Independent record stores have reported a 44% rise in sales of vinyl records in the first half of the year, according to the Entertainment Retailers' Association.

These are actually new records – not sales of second hand LPs – but no one is anticipating that vinyl is staging a coup that will usurp CDs and digital downloads.

Many artists are producing a limited number of vinyl albums, that often come with a download code, so the purchaser can have both the LP and a digital version for phone or iPad.

Best selling vinyl in Indie shops this year, so far, has been David Bowie's The Next Day. Boards of Canada and Stereophonics came second and third.

Second hand records are still major sellers in these stores, with boxes of old 12inch long playing records being perused by enthusiasts who value, what they claim is, the warmer and richer sound that is obtained from grooves rather than digital.

My record collection of 2,000 albums now resides in Ireland: I passed them on to my musician son-in-law Ronan.

It's great that vinyl is having a revival. The cassette first mounted an attack against it in the 1960s but I always preferred an album. It was far more substantial and had an artistic front cover and acres of sleeve notes on the back. I could go into a raptures over a double fold sleeve.

I never did take to cassettes, which went wonky far too easily.
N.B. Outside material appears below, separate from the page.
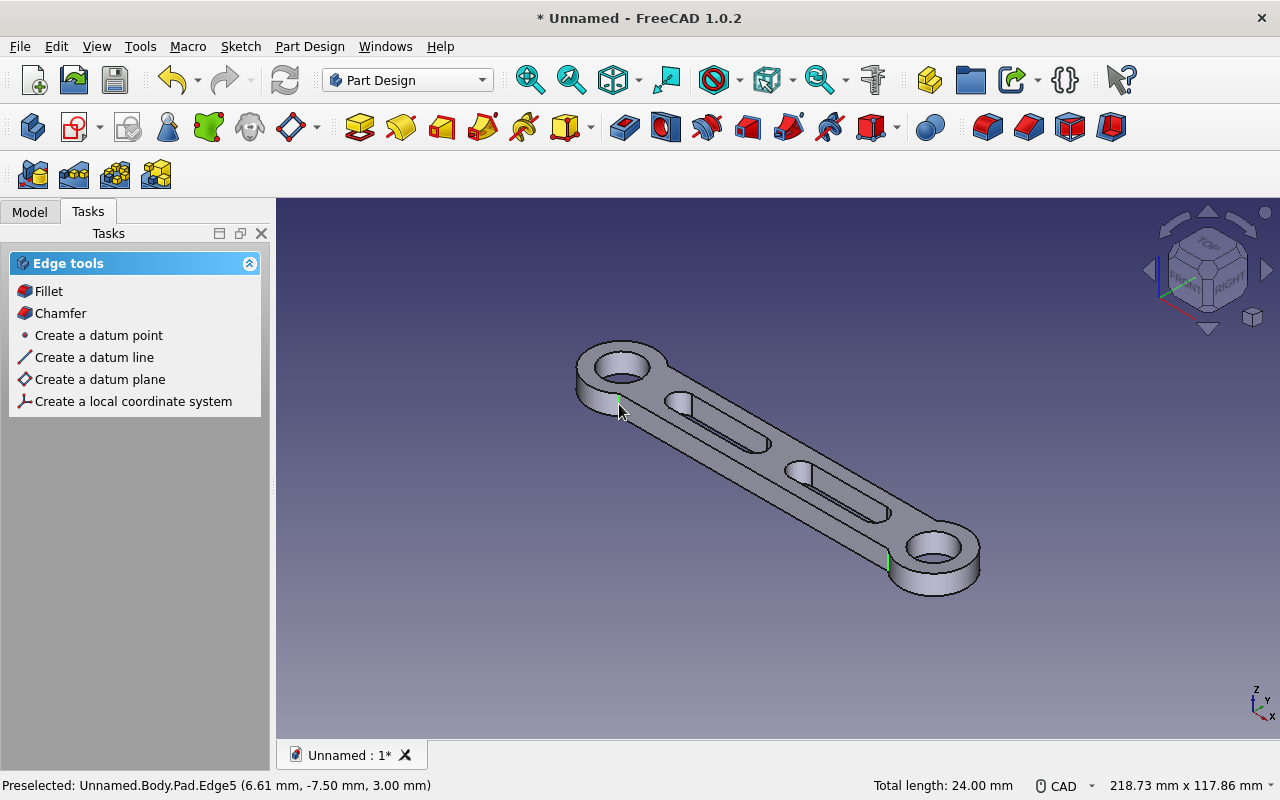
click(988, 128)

If I wanted a tape, I recorded my own from my record player. But the writing was on the wall when CDs entered the fray. It was only going to be a matter of time before vinyl died. Or so I thought.
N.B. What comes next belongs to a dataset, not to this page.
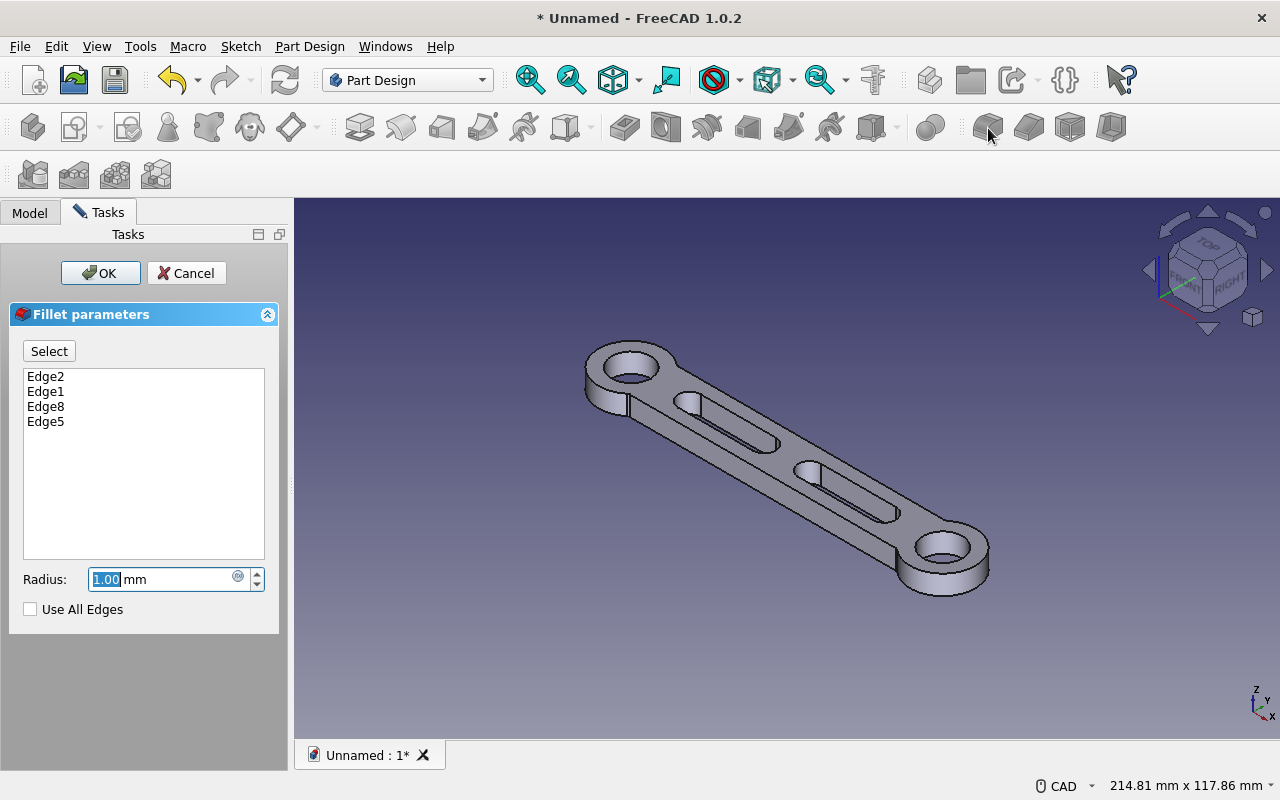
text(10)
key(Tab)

But it hasn't. It is maintaining a small grip on the music industry. And it is small.

Last year, vinyl sales were £5.7 million, while CDs sold £447 million and digital downloads raked in £383 million.

We'll never recapture those halcyon days when Saturday entailed going to a record shop equipped with sound booths to choose the latest seven inch single, but at least vinyl promises to be around for a while longer yet.